As far as I understand it, even if we had Neutron stars with a event horizon they still wouldn't be the same as a black hole. " One feature of black holes that should not appear around a neutron star is a last stable orbit. Around a black hole, one finds a minimum radius for the orbit of an object; inside this radius, an object must fall onto the event horizon of the black hole. This effect could only appear around a neutron star if the surface of the neutron star were inside this radius.

This would require a stellar radius that is only 50% larger than the event horizon radius, which is a result not produced by most neutron star theories. If such an object existed, however, it should be easily demonstrated, because the gravitational redshift from a neutron star with a surface at the last stable redshift is a massive 42%.

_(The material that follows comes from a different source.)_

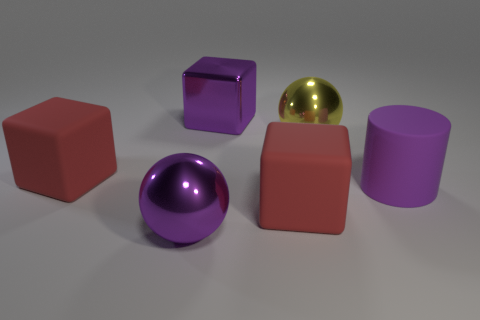Add 1 small red rubber cubes. How many objects exist? 7 Subtract all cylinders. How many objects are left? 5 Add 5 big purple metal cubes. How many big purple metal cubes are left? 6 Add 6 small cyan rubber cylinders. How many small cyan rubber cylinders exist? 6 Subtract 0 green cubes. How many objects are left? 6 Subtract all tiny blue metallic things. Subtract all big red objects. How many objects are left? 4

The gravitation redshift is a direct measure of the ratio of the star's mass to its radius. For this reason, the measurement of redshift is an important measure of the structure of the star, and ultimately of the behavior of the material within the neutron star."

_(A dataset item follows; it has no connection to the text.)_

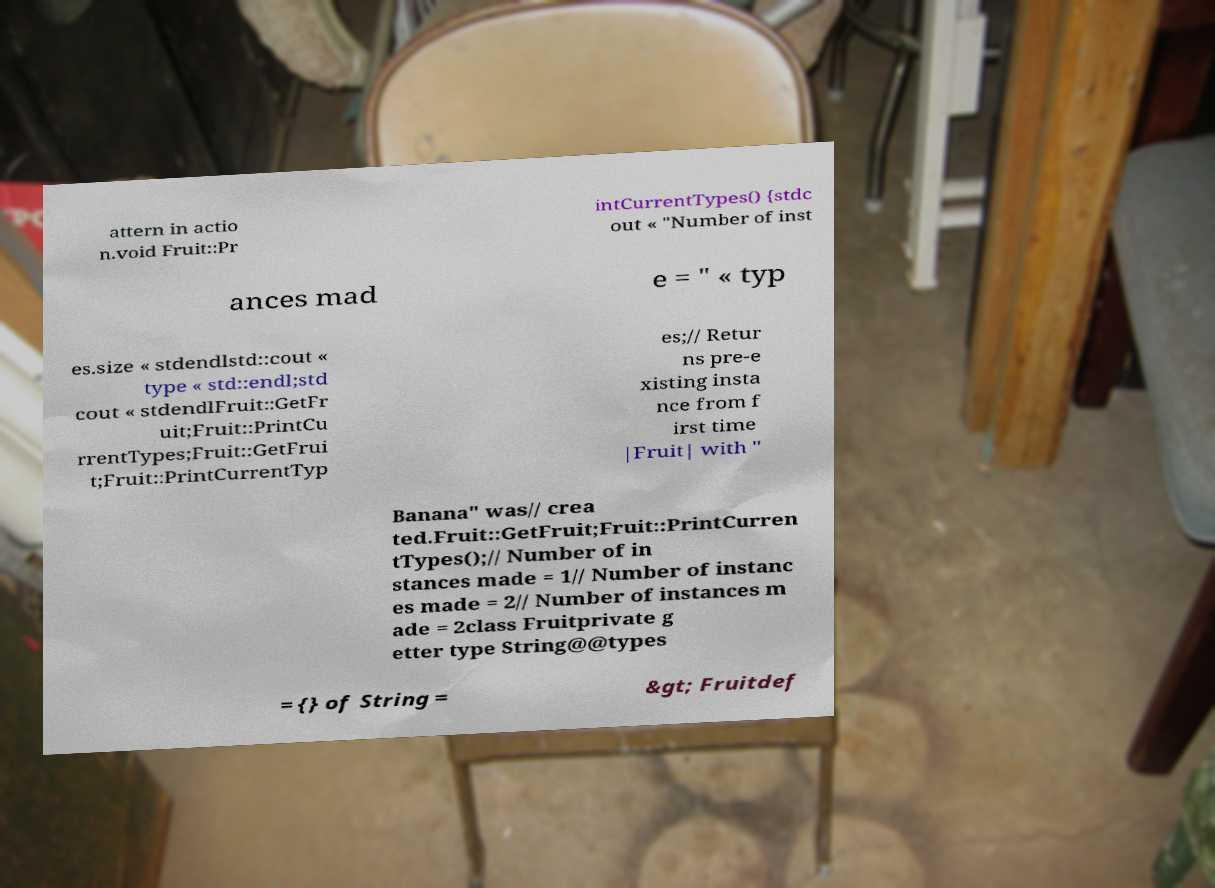There's text embedded in this image that I need extracted. Can you transcribe it verbatim? attern in actio n.void Fruit::Pr intCurrentTypes() {stdc out « "Number of inst ances mad e = " « typ es.size « stdendlstd::cout « type « std::endl;std cout « stdendlFruit::GetFr uit;Fruit::PrintCu rrentTypes;Fruit::GetFrui t;Fruit::PrintCurrentTyp es;// Retur ns pre-e xisting insta nce from f irst time |Fruit| with " Banana" was// crea ted.Fruit::GetFruit;Fruit::PrintCurren tTypes();// Number of in stances made = 1// Number of instanc es made = 2// Number of instances m ade = 2class Fruitprivate g etter type String@@types = {} of String = &gt; Fruitdef

Another reason to why I don't think Neutron stars can have a Event Horizon is that a Neutron Star then will be a 'known entiety' made out of fermions (neutrons and Protons) having a 'rigid' construction inside that star without anywhere for a neutron to decay into a "a proton and an electron, releasing a neutrino and a small amount of energy in the process. This cannot happen to a neutron in a cold neutron star because the proton would have nowhere to go; the proton must go into an energy state that at most contains only one proton, but no such state is available.

Conversely, the inverse process, the absorption of an electron by a proton to create a neutron, cannot occur because all of the available neutron energy states are filled. This is why the number of protons and neutrons in a cold neutron star are nearly identical."
http://www.astrophysicsspectator.com/topics/degeneracy/NeutronStarSize.html

Also "the neutron and proton are nearly equal in size. This is because, at the tiny distances in the nucleus, the strong nuclear force is much stronger than any of the others. Under just the strong force, protons and neutrons are effectively the same particle; this is an example of something called "isospin symmetry." And the size of them is calculated to be about a Femtometer (1 fm = 10^{-15} m = 0.000000000000001 m).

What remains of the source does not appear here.